From the original responses, we get: 'no', 'yes', 'no', 'no'—numerically, that's 0, 1, 0, 0. If we calculate the proportion of 'yes' responses, which represent book purchases, we'd get \(\frac{1}{4} = 0.25\) or 25%.

However, in our exercise, we go beyond the initial group and use bootstrap samples to estimate. With bootstrap sampling, we re-sample the original responses multiple times to mimic surveying more groups. We then calculate the proportion of 'yes' (purchase) in each sample. For instance, one bootstrap sample might be \[1, 0, 1, 0\] or 50%, and another might be \[0, 0, 0, 0\] or 0%. These varied proportions help us better understand the possible range of our proportion estimate.

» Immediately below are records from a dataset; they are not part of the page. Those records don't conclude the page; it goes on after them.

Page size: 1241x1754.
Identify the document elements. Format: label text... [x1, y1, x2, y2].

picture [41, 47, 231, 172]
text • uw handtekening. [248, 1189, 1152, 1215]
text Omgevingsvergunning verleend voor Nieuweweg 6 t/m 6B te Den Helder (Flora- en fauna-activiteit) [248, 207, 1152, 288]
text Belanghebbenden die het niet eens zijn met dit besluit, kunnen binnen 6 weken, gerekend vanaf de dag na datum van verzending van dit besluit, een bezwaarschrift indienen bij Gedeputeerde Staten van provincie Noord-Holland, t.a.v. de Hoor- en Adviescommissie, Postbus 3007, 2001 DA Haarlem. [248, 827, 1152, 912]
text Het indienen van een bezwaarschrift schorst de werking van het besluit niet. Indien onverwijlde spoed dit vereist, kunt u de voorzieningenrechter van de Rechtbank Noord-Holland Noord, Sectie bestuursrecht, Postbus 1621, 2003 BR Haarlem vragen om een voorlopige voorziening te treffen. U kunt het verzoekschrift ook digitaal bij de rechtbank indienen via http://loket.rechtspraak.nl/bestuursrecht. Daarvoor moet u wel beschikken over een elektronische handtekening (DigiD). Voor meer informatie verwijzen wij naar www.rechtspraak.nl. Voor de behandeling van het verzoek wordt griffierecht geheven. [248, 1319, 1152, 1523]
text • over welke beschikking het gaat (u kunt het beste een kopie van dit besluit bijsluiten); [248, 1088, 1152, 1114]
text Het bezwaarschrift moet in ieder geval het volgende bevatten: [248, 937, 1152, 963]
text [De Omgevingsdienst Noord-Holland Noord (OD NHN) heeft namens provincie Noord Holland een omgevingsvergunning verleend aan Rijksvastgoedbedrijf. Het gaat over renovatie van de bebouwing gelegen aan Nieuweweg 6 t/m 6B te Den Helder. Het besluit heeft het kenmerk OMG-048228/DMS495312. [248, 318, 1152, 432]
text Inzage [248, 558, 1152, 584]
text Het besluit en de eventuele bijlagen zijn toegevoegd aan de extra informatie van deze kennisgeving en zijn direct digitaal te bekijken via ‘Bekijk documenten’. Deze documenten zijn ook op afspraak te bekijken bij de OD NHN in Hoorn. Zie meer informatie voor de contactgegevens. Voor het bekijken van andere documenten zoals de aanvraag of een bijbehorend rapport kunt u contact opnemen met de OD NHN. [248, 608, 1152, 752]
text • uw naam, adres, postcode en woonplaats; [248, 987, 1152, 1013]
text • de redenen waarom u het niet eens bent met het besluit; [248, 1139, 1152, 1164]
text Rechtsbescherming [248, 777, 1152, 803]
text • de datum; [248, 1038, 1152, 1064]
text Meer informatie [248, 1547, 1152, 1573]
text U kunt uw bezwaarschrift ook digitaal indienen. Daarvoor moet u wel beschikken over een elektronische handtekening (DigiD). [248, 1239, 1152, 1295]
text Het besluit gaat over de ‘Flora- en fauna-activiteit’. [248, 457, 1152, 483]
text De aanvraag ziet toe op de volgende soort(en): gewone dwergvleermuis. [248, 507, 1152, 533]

###### confidence interval

A confidence interval gives us a range in which we expect the true proportion to lie, with a certain level of confidence (like 90%, 95%, etc.). It reflects how sure we are about where the 'true' proportion falls, based on our sample data.

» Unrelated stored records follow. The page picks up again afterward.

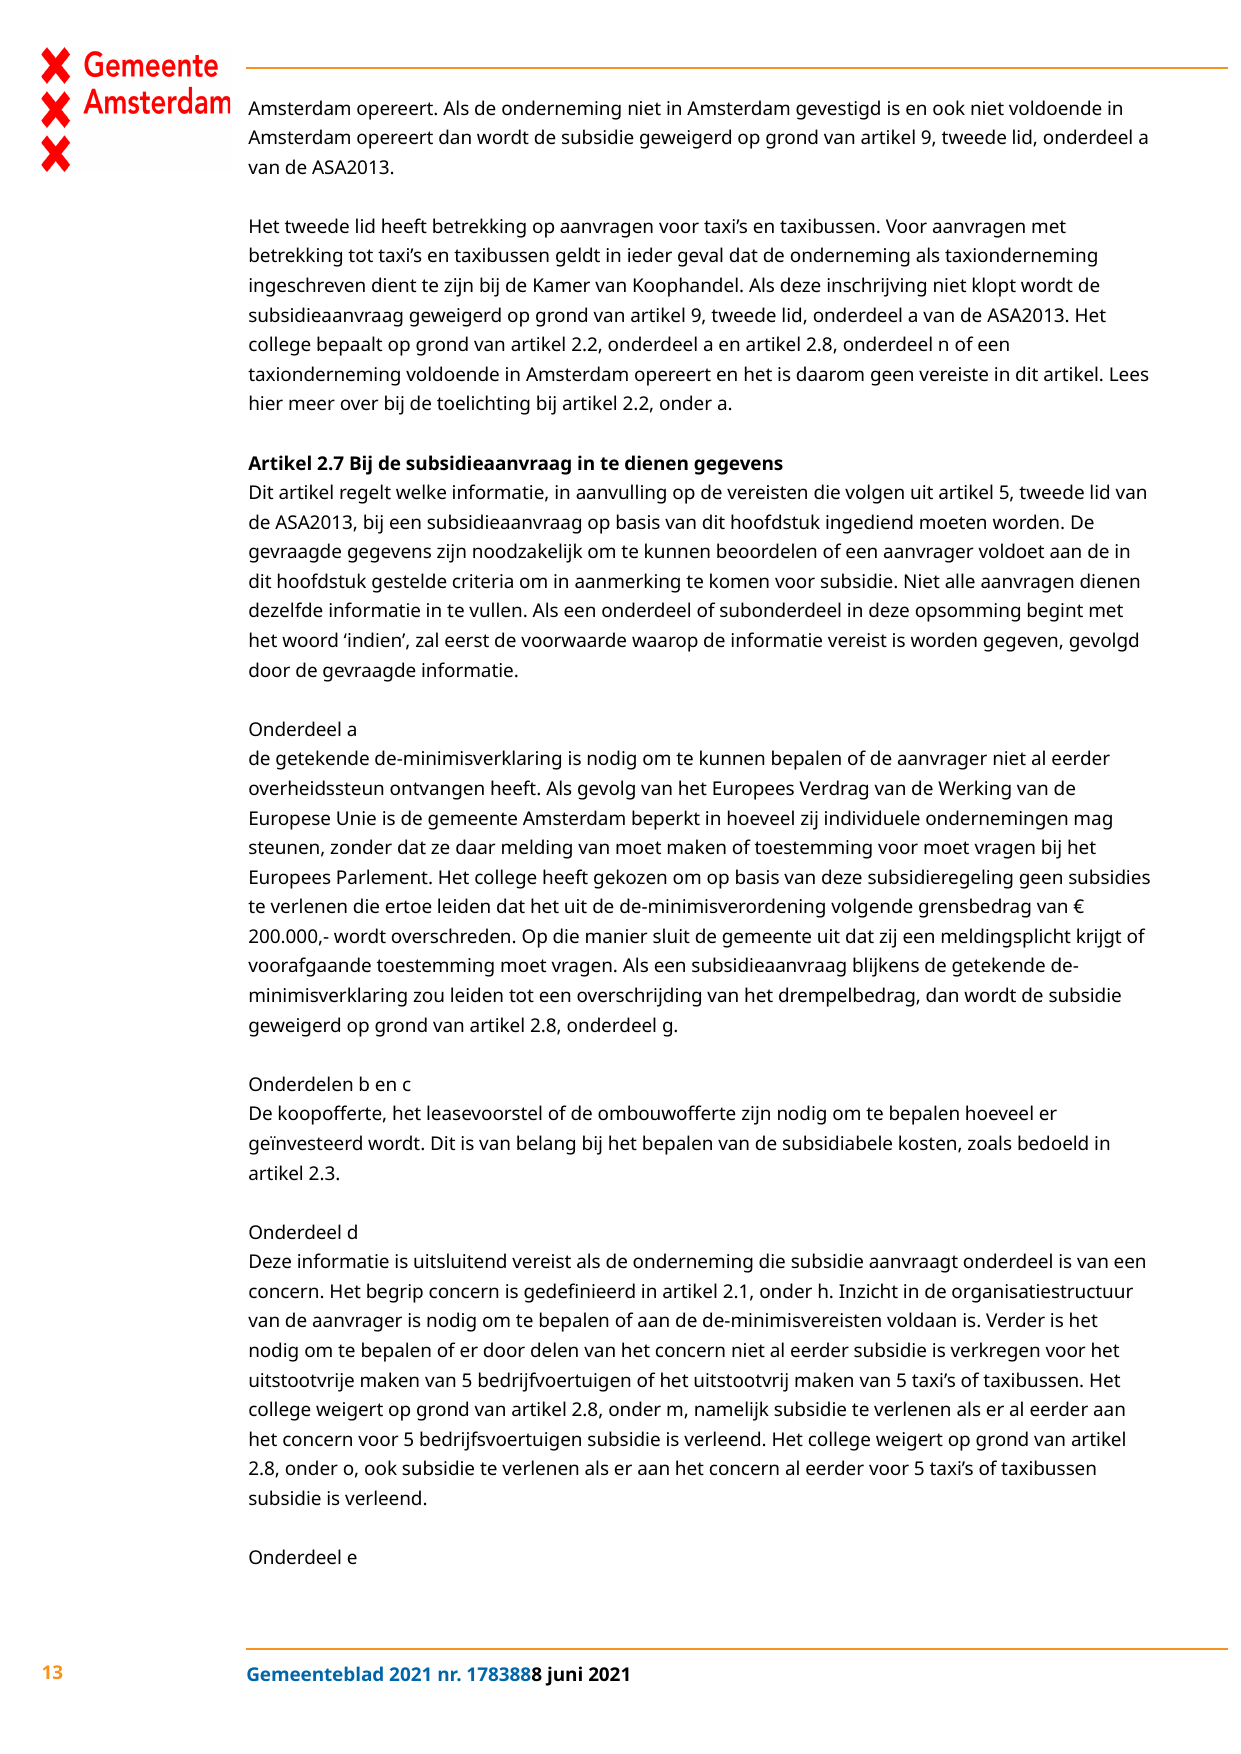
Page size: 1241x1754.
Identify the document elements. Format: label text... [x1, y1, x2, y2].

text Artikel 2.7 Bij de subsidieaanvraag in te dienen gegevens [248, 450, 1152, 476]
text Onderdeel a [248, 716, 1152, 742]
text Onderdelen b en c [248, 1071, 1152, 1097]
text de getekende de-minimisverklaring is nodig om te kunnen bepalen of de aanvrager niet al eerder overheidssteun ontvangen heeft. Als gevolg van het Europees Verdrag van de Werking van de Europese Unie is de gemeente Amsterdam beperkt in hoeveel zij individuele ondernemingen mag steunen, zonder dat ze daar melding van moet maken of toestemming voor moet vragen bij het Europees Parlement. Het college heeft gekozen om op basis van deze subsidieregeling geen subsidies te verlenen die ertoe leiden dat het uit de de-minimisverordening volgende grensbedrag van € 200.000,- wordt overschreden. Op die manier sluit de gemeente uit dat zij een meldingsplicht krijgt of voorafgaande toestemming moet vragen. Als een subsidieaanvraag blijkens de getekende de-minimisverklaring zou leiden tot een overschrijding van het drempelbedrag, dan wordt de subsidie geweigerd op grond van artikel 2.8, onderdeel g. [248, 746, 1152, 1038]
text Amsterdam opereert. Als de onderneming niet in Amsterdam gevestigd is en ook niet voldoende in Amsterdam opereert dan wordt de subsidie geweigerd op grond van artikel 9, tweede lid, onderdeel a van de ASA2013. [248, 95, 1152, 180]
text Onderdeel e [248, 1544, 1152, 1570]
text Deze informatie is uitsluitend vereist als de onderneming die subsidie aanvraagt onderdeel is van een concern. Het begrip concern is gedefinieerd in artikel 2.1, onder h. Inzicht in de organisatiestructuur van de aanvrager is nodig om te bepalen of aan de de-minimisvereisten voldaan is. Verder is het nodig om te bepalen of er door delen van het concern niet al eerder subsidie is verkregen voor het uitstootvrije maken van 5 bedrijfvoertuigen of het uitstootvrij maken van 5 taxi’s of taxibussen. Het college weigert op grond van artikel 2.8, onder m, namelijk subsidie te verlenen als er al eerder aan het concern voor 5 bedrijfsvoertuigen subsidie is verleend. Het college weigert op grond van artikel 2.8, onder o, ook subsidie te verlenen als er aan het concern al eerder voor 5 taxi’s of taxibussen subsidie is verleend. [248, 1248, 1152, 1511]
picture [41, 47, 231, 172]
text De koopofferte, het leasevoorstel of de ombouwofferte zijn nodig om te bepalen hoeveel er geïnvesteerd wordt. Dit is van belang bij het bepalen van de subsidiabele kosten, zoals bedoeld in artikel 2.3. [248, 1101, 1152, 1186]
text Het tweede lid heeft betrekking op aanvragen voor taxi’s en taxibussen. Voor aanvragen met betrekking tot taxi’s en taxibussen geldt in ieder geval dat de onderneming als taxionderneming ingeschreven dient te zijn bij de Kamer van Koophandel. Als deze inschrijving niet klopt wordt de subsidieaanvraag geweigerd op grond van artikel 9, tweede lid, onderdeel a van de ASA2013. Het college bepaalt op grond van artikel 2.2, onderdeel a en artikel 2.8, onderdeel n of een taxionderneming voldoende in Amsterdam opereert en het is daarom geen vereiste in dit artikel. Lees hier meer over bij de toelichting bij artikel 2.2, onder a. [248, 213, 1152, 416]
text Onderdeel d [248, 1219, 1152, 1245]
text Dit artikel regelt welke informatie, in aanvulling op de vereisten die volgen uit artikel 5, tweede lid van de ASA2013, bij een subsidieaanvraag op basis van dit hoofdstuk ingediend moeten worden. De gevraagde gegevens zijn noodzakelijk om te kunnen beoordelen of een aanvrager voldoet aan de in dit hoofdstuk gestelde criteria om in aanmerking te komen voor subsidie. Niet alle aanvragen dienen dezelfde informatie in te vullen. Als een onderdeel of subonderdeel in deze opsomming begint met het woord ‘indien’, zal eerst de voorwaarde waarop de informatie vereist is worden gegeven, gevolgd door de gevraagde informatie. [248, 479, 1152, 683]

Let's say we want a 90% confidence interval for our survey question. We first gather several bootstrap samples and calculate the proportion of 'yes' for each. We then order these proportions. To form a 90% confidence interval, we remove the lowest 5% and the highest 5% of our ordered proportions. For our exercise, we had 10 samples, and removing the top and bottom values leaves us with the 90% middle range. This range is our 90% confidence interval.

In our specific case, after sorting the proportions, we removed the extreme values. Our remaining range, from 0 (0%) to 0.5 (50%), is our 90% confidence interval. This suggests that we're 90% confident the true proportion of women who purchase books online lies somewhere between 0 and 50%.